Granular Media Results
In single jumps, the maximum amplitudes were plotted as the frequency of forcing was systematically increased. Shown in Figure , it is evident that there is an optimum jump frequency, which has been found in previous research. The frequency that yielded the highest jump was $5.375Hz$.
In stutter jumps, there is a range of frequencies at which the second jump in the sequence is higher than the preliminary stutter. Interestingly, the optimum frequency for a single jump is within this range of frequencies, which was from $2.25Hz$ to $3.75Hz$.
Varying the spring stiffness and the airflow in the medium had little effect on the value for the optimal frequency range.
Conclusions
The results for the hard ground experiment did not match what was expected from the simulations. The single jump performed better than the stutter jump at lower $\alpha$ values. In order to fully understand the discrepancy between the experiment and simulation, the experiment should be repeated with a finer parameter sweep.
By exploring the parameter space of a jumper in a granular media, it was shown that the frequency of the jumper has more immediate implications than either the stiffness or the airflow through the medium. It was also shown that there exists a critical frequency for granular media stutter jumps, below which the amplitude of the second maximum is lower than the first maximum; the stutter jump does not perform as expected in this frequency regime. It would be interesting to study this critical frequency further and understand the implications of such a bifurcation.

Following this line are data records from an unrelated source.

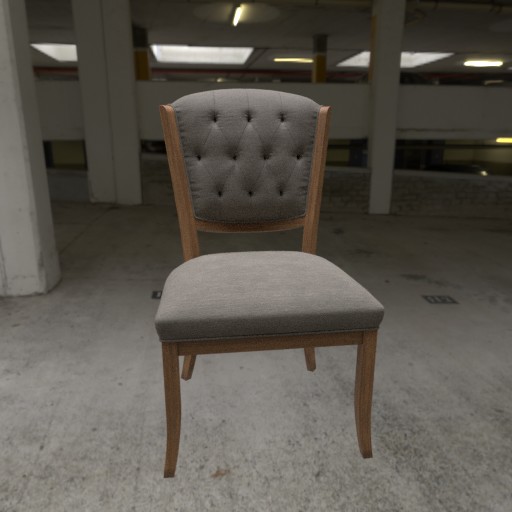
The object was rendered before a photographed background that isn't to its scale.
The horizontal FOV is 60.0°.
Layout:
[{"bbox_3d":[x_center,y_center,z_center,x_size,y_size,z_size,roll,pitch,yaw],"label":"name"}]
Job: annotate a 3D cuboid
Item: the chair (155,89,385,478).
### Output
[{"bbox_3d":[0.000,0.000,1.215,0.513,0.905,0.584,-2,16,-7],"label":"chair"}]
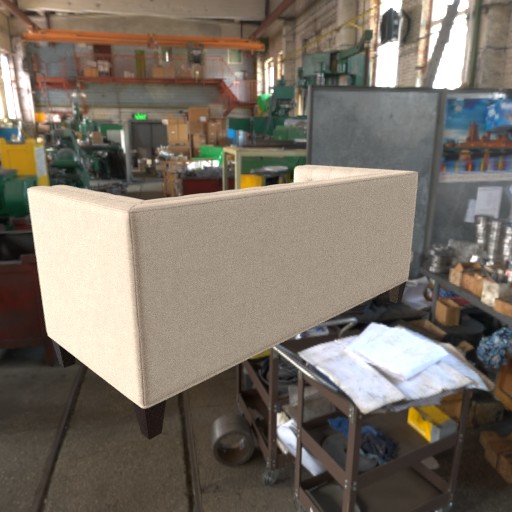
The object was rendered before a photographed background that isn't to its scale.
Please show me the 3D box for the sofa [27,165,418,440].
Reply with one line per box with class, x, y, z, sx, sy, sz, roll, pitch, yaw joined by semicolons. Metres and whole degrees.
sofa;0.000;0.000;2.178;0.775;0.762;1.778;15;21;42
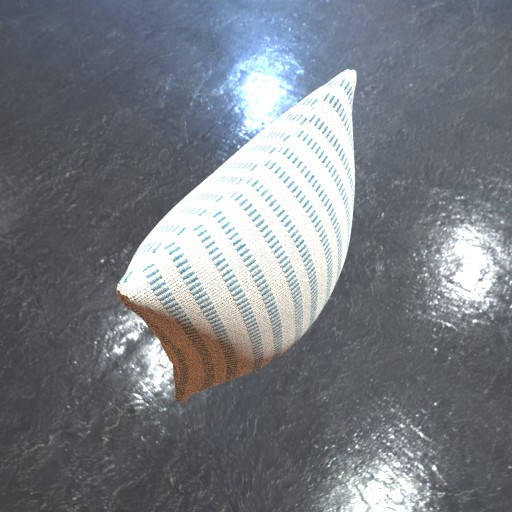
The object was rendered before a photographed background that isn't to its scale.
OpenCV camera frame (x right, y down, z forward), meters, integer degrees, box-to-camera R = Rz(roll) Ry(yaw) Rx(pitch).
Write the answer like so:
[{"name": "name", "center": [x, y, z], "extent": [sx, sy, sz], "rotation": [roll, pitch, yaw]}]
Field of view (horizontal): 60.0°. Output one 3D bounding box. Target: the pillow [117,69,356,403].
[{"name": "pillow", "center": [0.000, 0.000, 0.687], "extent": [0.247, 0.419, 0.438], "rotation": [33, 64, 19]}]
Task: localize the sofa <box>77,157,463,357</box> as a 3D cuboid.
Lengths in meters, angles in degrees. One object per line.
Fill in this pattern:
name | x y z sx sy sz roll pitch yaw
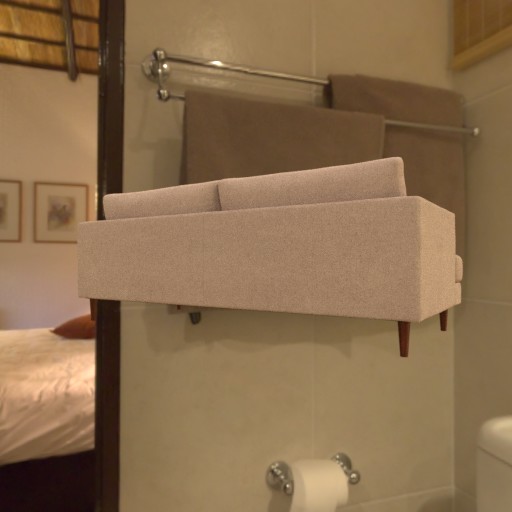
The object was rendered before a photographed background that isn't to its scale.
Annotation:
sofa | 0.000 0.000 2.796 2.250 0.868 1.020 0 -1 33
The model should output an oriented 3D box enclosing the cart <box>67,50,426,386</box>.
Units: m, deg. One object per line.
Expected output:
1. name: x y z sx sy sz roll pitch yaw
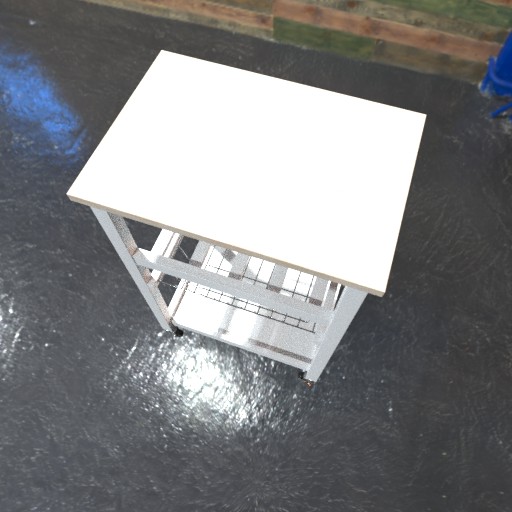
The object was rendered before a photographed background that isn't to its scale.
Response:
1. cart: 0.000 0.000 1.218 0.578 0.857 0.406 17 64 9
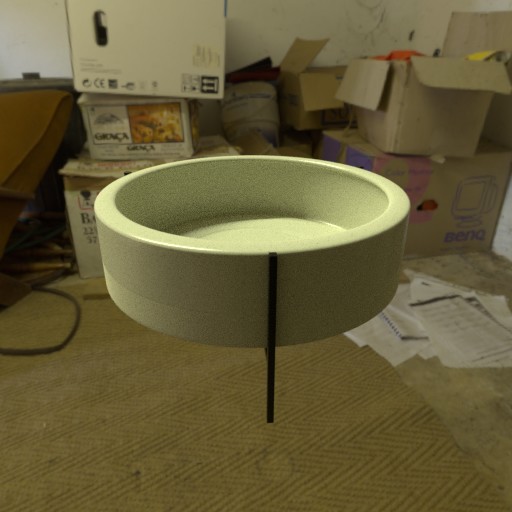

In broader terms, robots in granular media present an interesting physical problem. For instance, the moon is covered in a layer of granular regolith that can be anywhere from 3 to 20m deep, and a robot operating in such conditions would necessarily have to deal with the effects of granular media. Speculatively, it seems likely that robots would be the ideal tools for further exploration and scientific work on the moon, and further research into the motion of robots in granular media would be useful for future space missions.